**GOAL OF THE EXERCISE:** Within the listing below, the lines to output run from the one containing "text • verzelfstandiging van een bedrijf door" through the one containing "text waarbij alle"; copy them exactly and nothing else.

[[ RECORDS PROVIDED, beginning ]]

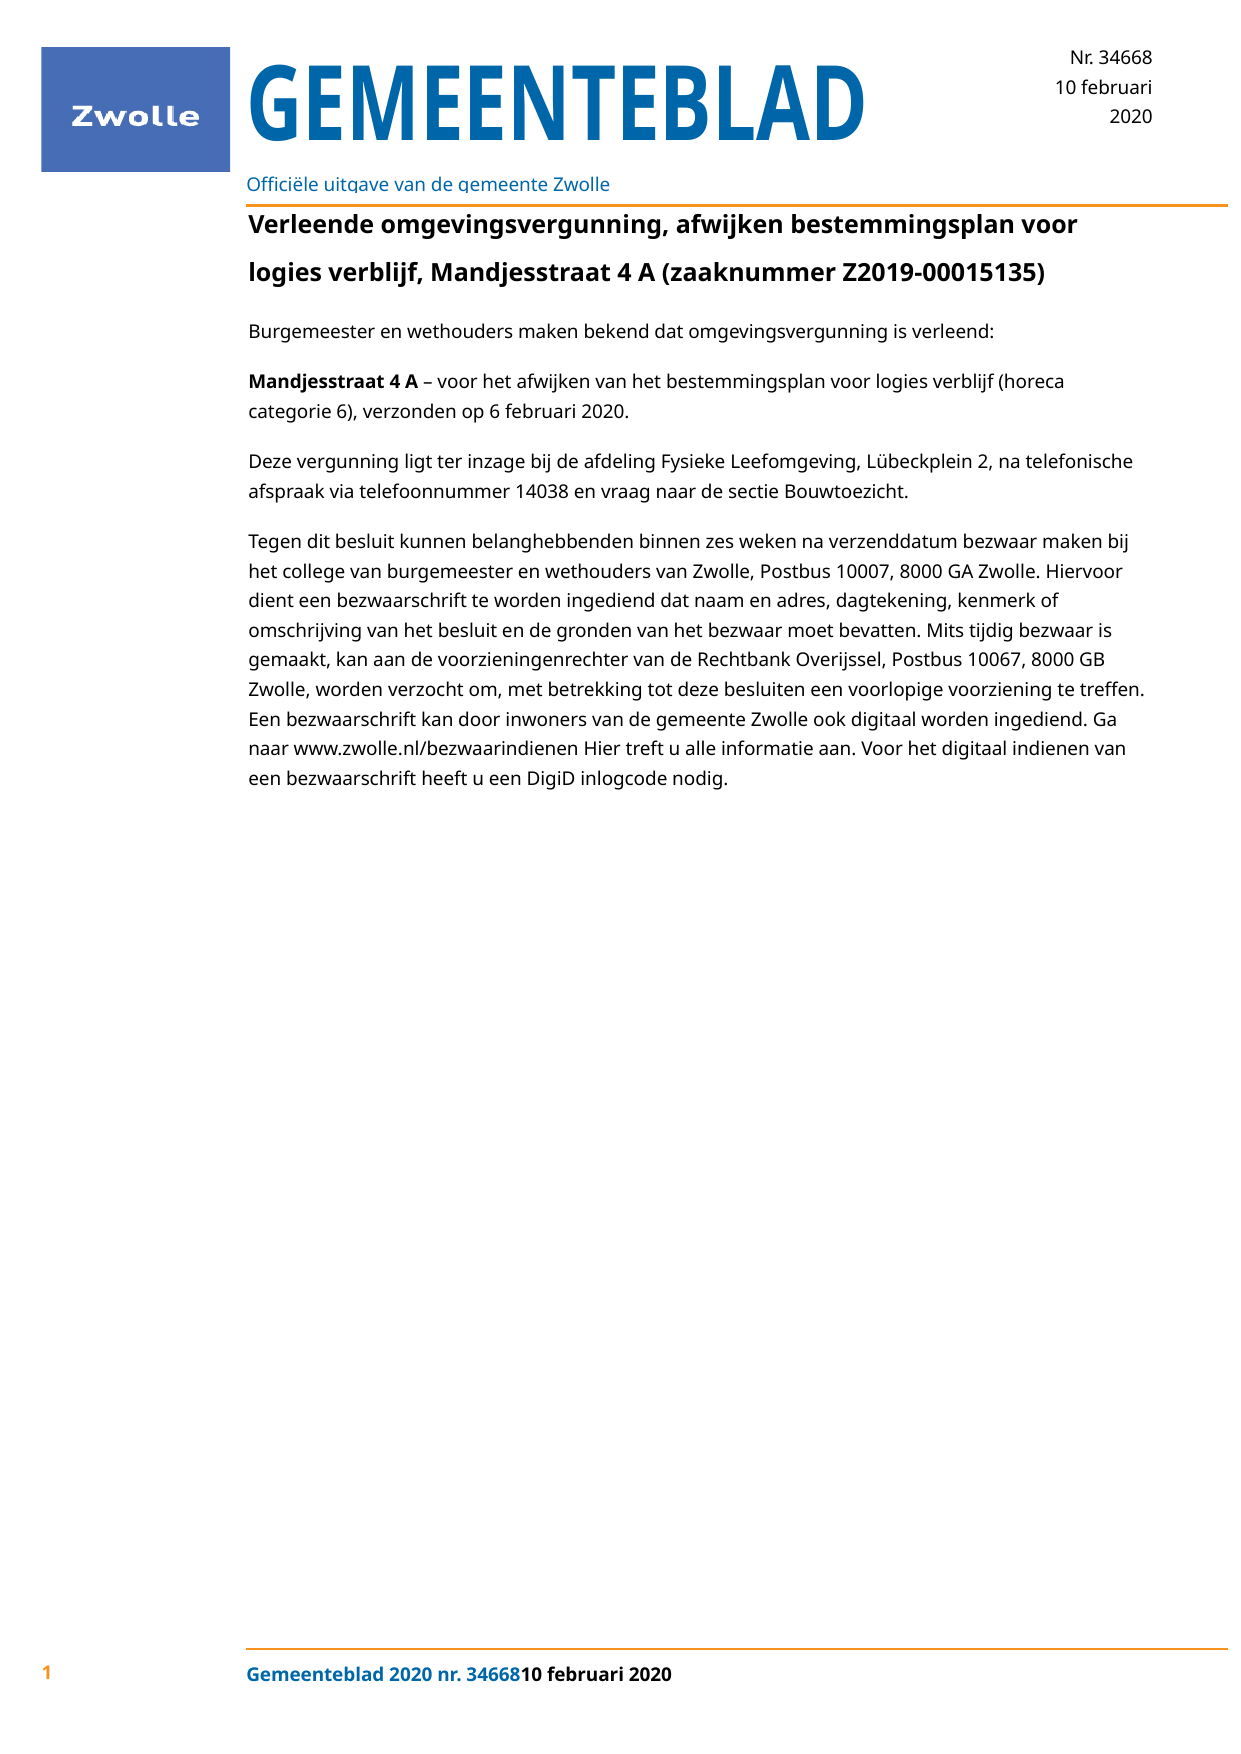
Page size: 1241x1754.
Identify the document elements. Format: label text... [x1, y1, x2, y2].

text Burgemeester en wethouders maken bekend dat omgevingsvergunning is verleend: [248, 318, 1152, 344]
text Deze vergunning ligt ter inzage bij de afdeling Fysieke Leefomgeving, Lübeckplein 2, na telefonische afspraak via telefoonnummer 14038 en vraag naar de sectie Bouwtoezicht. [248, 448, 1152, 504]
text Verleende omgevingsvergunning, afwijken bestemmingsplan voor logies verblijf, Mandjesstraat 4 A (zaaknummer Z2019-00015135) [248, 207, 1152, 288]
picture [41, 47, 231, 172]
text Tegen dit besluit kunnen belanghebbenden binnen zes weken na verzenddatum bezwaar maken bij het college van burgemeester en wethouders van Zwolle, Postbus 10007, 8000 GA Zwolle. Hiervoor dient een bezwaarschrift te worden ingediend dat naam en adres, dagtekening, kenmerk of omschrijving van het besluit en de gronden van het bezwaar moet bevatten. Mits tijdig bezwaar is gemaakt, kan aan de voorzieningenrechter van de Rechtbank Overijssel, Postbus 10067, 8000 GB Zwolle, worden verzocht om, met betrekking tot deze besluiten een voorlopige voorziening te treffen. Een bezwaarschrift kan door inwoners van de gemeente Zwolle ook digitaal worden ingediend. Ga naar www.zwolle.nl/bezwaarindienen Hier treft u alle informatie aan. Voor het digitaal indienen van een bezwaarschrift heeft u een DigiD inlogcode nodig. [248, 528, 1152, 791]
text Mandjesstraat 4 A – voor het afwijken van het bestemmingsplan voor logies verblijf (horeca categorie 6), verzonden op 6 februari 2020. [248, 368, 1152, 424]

[[ RECORDS PROVIDED, end ]]
[[ RECORDS PROVIDED, beginning ]]

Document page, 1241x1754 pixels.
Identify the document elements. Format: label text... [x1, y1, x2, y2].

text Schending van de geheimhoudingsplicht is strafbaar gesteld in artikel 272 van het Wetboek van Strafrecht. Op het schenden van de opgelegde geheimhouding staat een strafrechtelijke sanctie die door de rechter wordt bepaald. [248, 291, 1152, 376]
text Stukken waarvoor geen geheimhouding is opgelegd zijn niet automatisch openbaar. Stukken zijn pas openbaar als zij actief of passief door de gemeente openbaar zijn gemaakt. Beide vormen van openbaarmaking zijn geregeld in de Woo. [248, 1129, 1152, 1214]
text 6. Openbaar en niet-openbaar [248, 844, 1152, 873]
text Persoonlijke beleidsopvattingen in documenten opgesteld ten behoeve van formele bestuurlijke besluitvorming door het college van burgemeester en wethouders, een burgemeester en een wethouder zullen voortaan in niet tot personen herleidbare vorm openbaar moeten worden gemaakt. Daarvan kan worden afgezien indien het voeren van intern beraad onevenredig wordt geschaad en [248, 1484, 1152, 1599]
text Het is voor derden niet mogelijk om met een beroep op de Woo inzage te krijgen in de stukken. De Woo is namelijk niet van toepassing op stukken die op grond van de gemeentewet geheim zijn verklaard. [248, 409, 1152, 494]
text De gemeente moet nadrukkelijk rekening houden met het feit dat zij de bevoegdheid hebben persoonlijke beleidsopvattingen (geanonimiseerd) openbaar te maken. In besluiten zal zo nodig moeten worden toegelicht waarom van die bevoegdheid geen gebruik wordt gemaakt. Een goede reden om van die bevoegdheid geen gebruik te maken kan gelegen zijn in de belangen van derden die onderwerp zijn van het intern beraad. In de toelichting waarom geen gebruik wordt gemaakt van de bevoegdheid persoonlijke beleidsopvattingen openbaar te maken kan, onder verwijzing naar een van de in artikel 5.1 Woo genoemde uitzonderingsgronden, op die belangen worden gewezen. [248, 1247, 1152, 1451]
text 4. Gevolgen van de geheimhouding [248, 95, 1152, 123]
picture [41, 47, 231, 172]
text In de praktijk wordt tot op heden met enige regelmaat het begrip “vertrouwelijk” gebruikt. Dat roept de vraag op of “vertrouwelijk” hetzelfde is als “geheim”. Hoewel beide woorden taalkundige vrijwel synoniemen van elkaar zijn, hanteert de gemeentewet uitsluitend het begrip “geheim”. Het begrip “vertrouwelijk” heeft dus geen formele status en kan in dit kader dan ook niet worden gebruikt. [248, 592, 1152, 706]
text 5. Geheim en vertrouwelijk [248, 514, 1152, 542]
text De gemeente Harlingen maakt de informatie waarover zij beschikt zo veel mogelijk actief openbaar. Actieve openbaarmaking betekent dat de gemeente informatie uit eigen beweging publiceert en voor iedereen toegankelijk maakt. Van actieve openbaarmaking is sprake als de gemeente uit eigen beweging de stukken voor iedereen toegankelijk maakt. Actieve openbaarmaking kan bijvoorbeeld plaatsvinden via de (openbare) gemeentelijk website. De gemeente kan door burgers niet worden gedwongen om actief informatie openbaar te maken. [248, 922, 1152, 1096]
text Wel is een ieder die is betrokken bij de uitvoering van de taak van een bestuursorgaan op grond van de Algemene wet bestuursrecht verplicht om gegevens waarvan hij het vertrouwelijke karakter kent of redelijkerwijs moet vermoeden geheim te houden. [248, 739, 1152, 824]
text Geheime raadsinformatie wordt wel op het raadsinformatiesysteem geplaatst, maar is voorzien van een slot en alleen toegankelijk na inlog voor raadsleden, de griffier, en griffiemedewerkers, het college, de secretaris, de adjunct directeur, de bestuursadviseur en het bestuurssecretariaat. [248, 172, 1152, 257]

[[ RECORDS PROVIDED, end ]]
[[ RECORDS PROVIDED, beginning ]]

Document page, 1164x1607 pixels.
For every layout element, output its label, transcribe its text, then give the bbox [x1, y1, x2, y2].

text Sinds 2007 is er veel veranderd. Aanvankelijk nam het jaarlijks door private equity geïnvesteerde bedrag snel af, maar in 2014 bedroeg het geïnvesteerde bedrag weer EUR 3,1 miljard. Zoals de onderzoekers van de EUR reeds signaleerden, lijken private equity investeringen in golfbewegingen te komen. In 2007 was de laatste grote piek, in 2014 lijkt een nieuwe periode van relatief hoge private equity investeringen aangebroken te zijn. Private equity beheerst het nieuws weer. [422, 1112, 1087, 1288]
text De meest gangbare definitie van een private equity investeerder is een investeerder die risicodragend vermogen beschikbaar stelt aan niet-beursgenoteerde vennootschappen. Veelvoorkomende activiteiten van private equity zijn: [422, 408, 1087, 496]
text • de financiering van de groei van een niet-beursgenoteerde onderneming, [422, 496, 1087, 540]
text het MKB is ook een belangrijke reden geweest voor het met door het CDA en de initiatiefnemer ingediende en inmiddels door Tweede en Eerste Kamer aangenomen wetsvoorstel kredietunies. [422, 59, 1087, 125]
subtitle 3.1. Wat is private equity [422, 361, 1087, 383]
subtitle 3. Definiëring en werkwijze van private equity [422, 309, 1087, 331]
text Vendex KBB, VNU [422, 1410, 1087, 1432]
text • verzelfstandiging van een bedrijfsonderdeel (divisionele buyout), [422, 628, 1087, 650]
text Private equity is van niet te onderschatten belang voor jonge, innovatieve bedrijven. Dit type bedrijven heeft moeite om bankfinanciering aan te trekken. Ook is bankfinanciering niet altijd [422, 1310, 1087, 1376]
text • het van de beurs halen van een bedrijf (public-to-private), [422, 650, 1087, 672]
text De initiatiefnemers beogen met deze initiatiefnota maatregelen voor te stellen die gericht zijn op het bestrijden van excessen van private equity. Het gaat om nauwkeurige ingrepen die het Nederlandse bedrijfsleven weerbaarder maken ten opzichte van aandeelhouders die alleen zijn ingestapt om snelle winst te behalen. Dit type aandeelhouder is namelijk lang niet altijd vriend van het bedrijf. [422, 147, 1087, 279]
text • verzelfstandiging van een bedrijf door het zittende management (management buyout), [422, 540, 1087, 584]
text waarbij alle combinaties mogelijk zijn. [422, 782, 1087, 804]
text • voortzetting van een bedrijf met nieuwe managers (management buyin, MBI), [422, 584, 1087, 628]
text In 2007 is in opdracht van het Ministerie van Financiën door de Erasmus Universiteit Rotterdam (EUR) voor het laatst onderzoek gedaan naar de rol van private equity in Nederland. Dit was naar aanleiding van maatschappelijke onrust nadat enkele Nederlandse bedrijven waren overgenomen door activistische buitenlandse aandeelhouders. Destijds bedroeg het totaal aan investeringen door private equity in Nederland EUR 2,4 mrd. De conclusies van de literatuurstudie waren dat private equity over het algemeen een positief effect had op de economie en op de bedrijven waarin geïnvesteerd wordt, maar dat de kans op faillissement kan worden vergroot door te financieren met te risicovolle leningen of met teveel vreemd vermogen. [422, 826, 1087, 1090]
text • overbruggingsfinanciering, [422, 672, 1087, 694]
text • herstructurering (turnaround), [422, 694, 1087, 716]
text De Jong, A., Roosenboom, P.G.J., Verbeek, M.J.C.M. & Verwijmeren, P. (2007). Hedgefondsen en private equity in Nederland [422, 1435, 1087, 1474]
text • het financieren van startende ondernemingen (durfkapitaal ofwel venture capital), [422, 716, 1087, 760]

[[ RECORDS PROVIDED, end ]]

**EXERCISE OUTPUT:**
text • verzelfstandiging van een bedrijf door het zittende management (management buyout), [422, 540, 1087, 584]
text waarbij alle combinaties mogelijk zijn. [422, 782, 1087, 804]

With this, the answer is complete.